Embedded | Marco Ghibaudi
19 Jul 2024
Recently, I read an excellent book about modelling the climate. For me, the powerful message was not that climate change is happening but that we cannot predict how it will affect future generations.
No matter how much classical computational power is available, you cannot make accurate predictions about the future of our planet. So, the most sensible course of action is to focus on reducing emissions to mitigate the effects of climate change.
This links to the main reason why I (together with many others) want to make quantum computing a reality, sooner. Quantum computers have the power to simulate the atomic (quantum) processes that happen in nature and tackle many of the causes associated with climate change.
The knowledge that we can gather from these simulations is key, for example, to build better batteries.
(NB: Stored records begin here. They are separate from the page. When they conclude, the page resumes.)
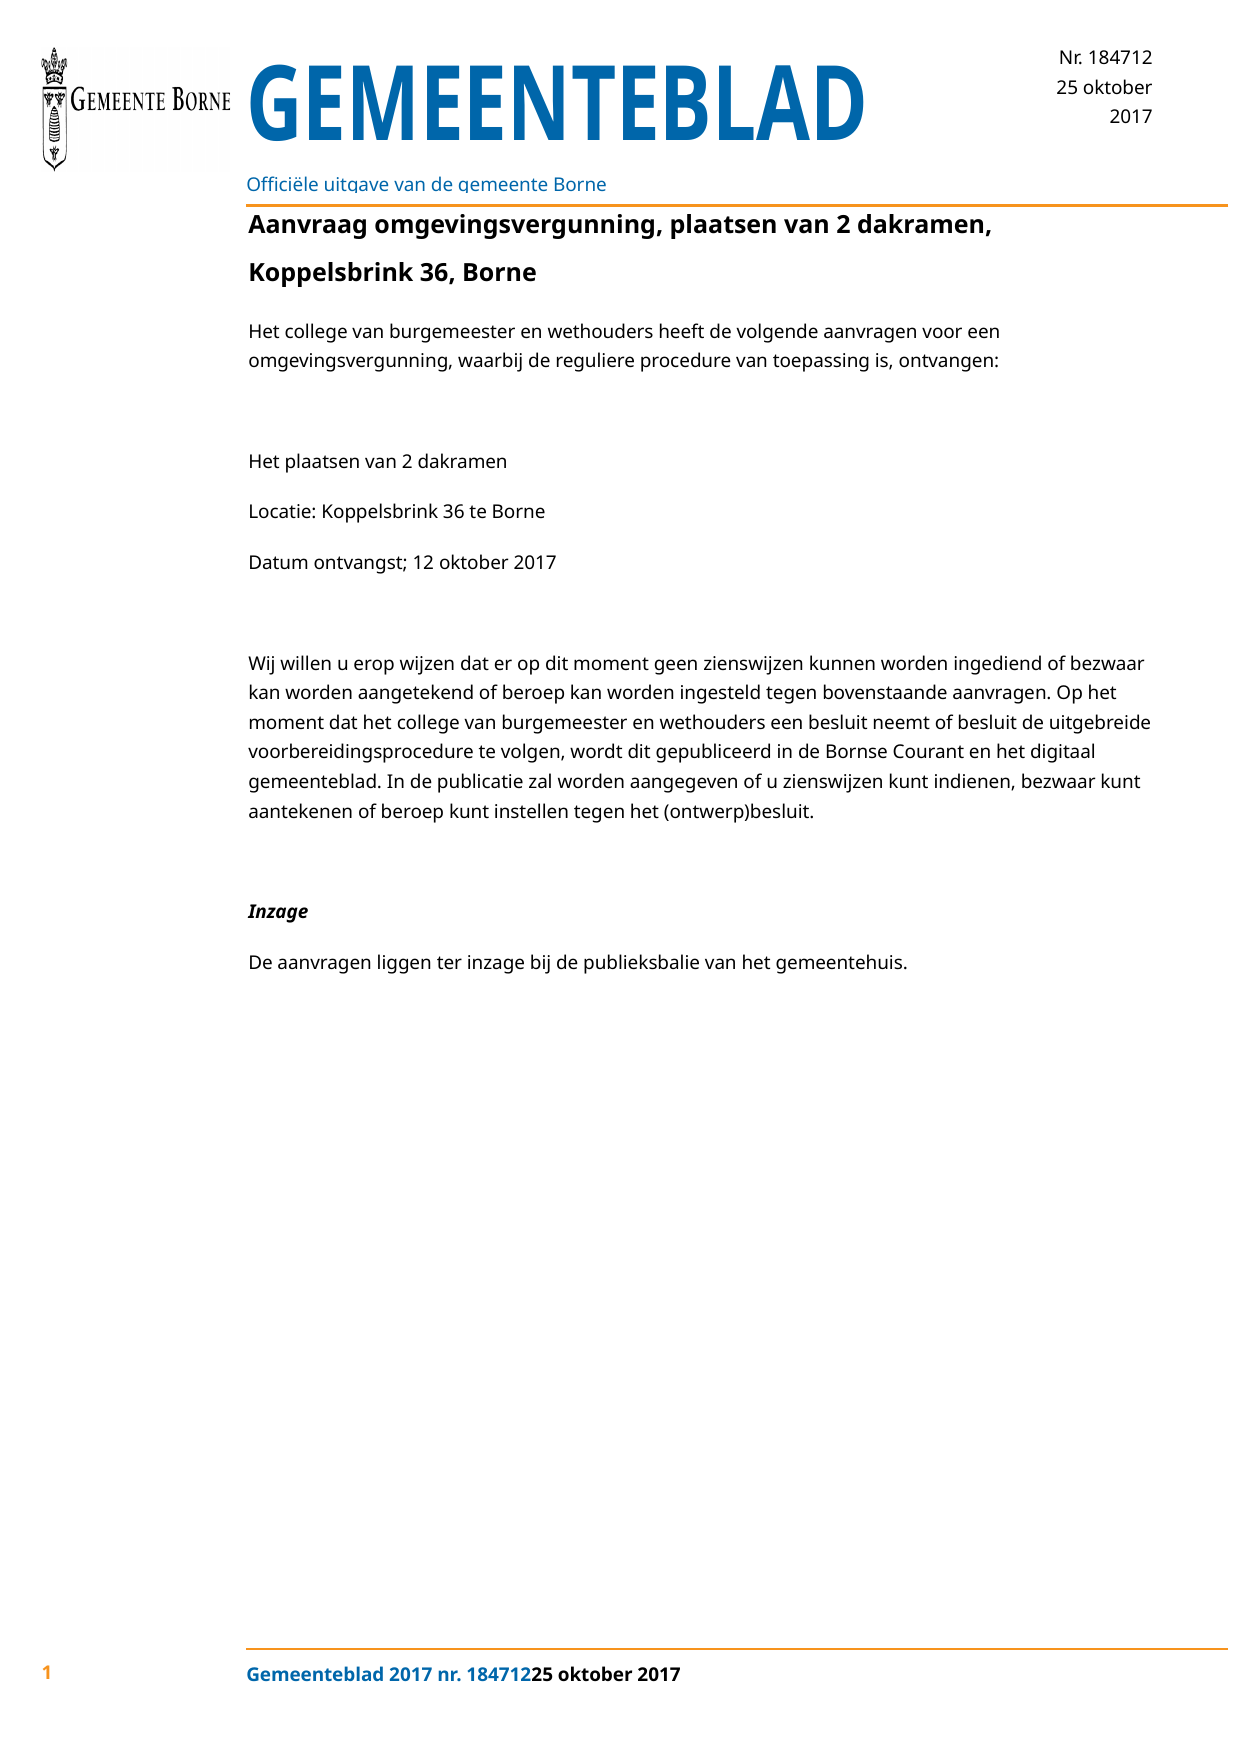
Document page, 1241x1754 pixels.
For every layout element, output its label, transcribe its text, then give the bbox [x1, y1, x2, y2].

text Wij willen u erop wijzen dat er op dit moment geen zienswijzen kunnen worden ingediend of bezwaar kan worden aangetekend of beroep kan worden ingesteld tegen bovenstaande aanvragen. Op het moment dat het college van burgemeester en wethouders een besluit neemt of besluit de uitgebreide voorbereidingsprocedure te volgen, wordt dit gepubliceerd in de Bornse Courant en het digitaal gemeenteblad. In de publicatie zal worden aangegeven of u zienswijzen kunt indienen, bezwaar kunt aantekenen of beroep kunt instellen tegen het (ontwerp)besluit. [248, 650, 1152, 824]
text Inzage [248, 899, 1152, 924]
text De aanvragen liggen ter inzage bij de publieksbalie van het gemeentehuis. [248, 949, 1152, 975]
text Het plaatsen van 2 dakramen [248, 448, 1152, 474]
text Het college van burgemeester en wethouders heeft de volgende aanvragen voor een omgevingsvergunning, waarbij de reguliere procedure van toepassing is, ontvangen: [248, 318, 1152, 373]
picture [41, 47, 231, 172]
text Locatie: Koppelsbrink 36 te Borne [248, 499, 1152, 524]
text Datum ontvangst; 12 oktober 2017 [248, 549, 1152, 575]
text Aanvraag omgevingsvergunning, plaatsen van 2 dakramen, Koppelsbrink 36, Borne [248, 207, 1152, 288]

Better batteries are the gateway to improved energy storage facilities, better electric cars and the electrification of commercial aircraft. And battery development is just one example. Quantum computers could also be used to support the design of new key technologies, like jet-engines, by augmenting our existing HPC capabilities.
There are many climate-related use cases that quantum computers could unlock. Individually, each of these may help reduce our equivalent CO2 emissions. If you add all the potential use cases together, the reduction will be more noticeable. But we need to move fast because the effects of climate change are happening now, and we still do not understand the implications for our future.
“Move fast” for me means to ensure the first generation of HPC integrated quantum computers are capable of efficiently simulating quantum processes. The word efficient is key: we want to compute faster and with a lower energy footprint than a classical computer.
It is interesting to see how both speed and energy consumption are related to one key aspect of quantum computations: how we perform quantum error correction.
The building blocks of every quantum computer, the qubits, are affected by errors to an extent that they are not usable to perform any valuable computation (assuming those qubits are left to their own devices).
These errors can be corrected by adding redundancy to the process and by “grouping qubits together” (i.e. mapping many physical qubits into one “logical” qubit).